Aim of the exercise: Your reply should be a faithful copy of the records below, free of pictures.
[Start of section]
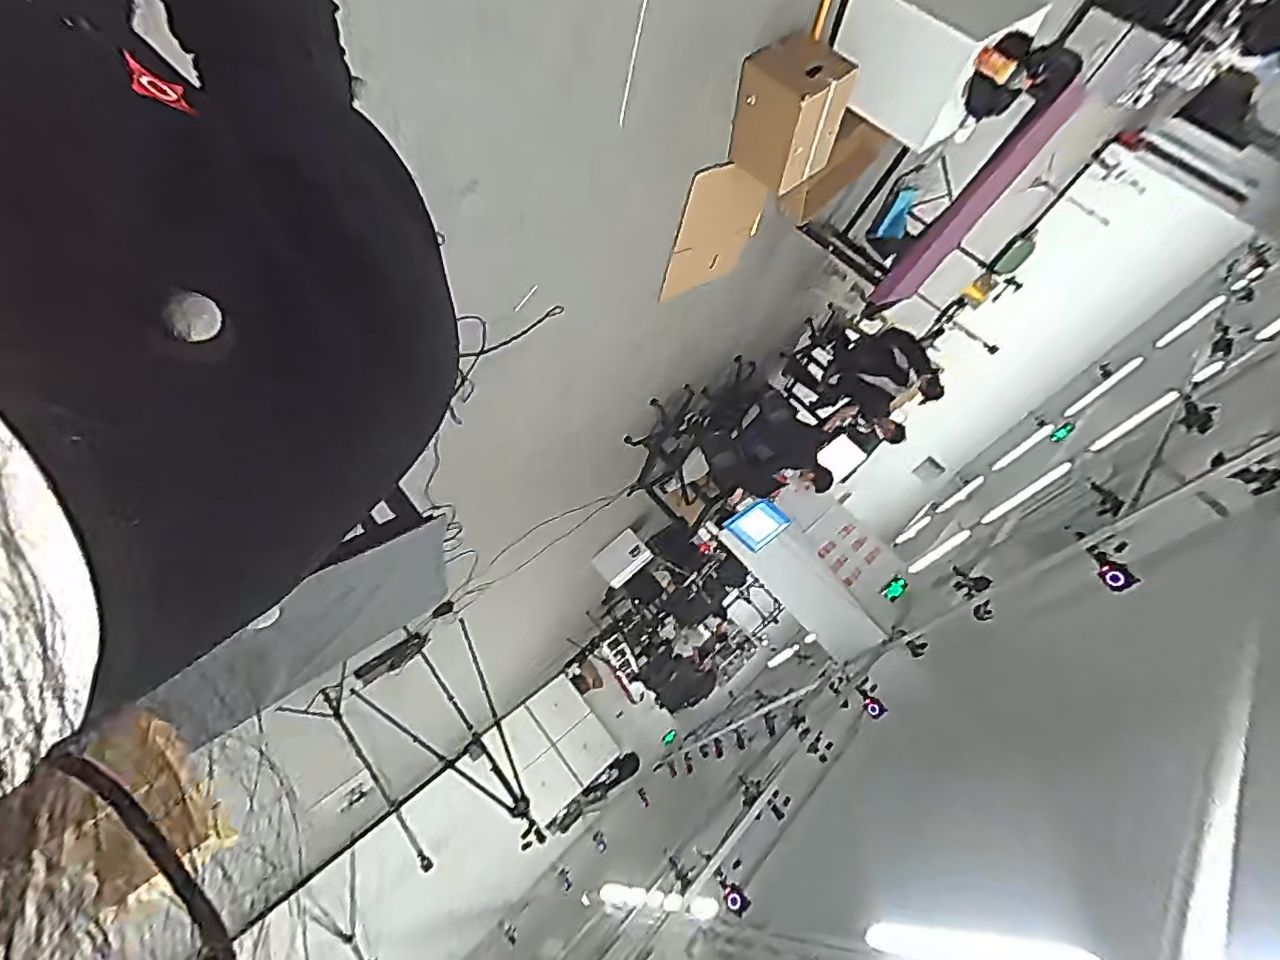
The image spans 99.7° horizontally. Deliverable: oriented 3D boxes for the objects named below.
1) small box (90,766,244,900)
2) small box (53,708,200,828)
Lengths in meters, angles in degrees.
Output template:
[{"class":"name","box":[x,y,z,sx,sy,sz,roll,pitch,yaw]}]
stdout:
[{"class":"small box","box":[-1.019,0.754,1.173,0.179,0.176,0.168,-33,162,-30]},{"class":"small box","box":[-1.129,0.638,1.203,0.168,0.176,0.179,-33,161,-32]}]
[End of section]
Written solution:
The image spans 99.7° horizontally. Deliverable: oriented 3D boxes for the objects named below.
1) small box (90,766,244,900)
2) small box (53,708,200,828)
Lengths in meters, angles in degrees.
Output template:
[{"class":"name","box":[x,y,z,sx,sy,sz,roll,pitch,yaw]}]
stdout:
[{"class":"small box","box":[-1.019,0.754,1.173,0.179,0.176,0.168,-33,162,-30]},{"class":"small box","box":[-1.129,0.638,1.203,0.168,0.176,0.179,-33,161,-32]}]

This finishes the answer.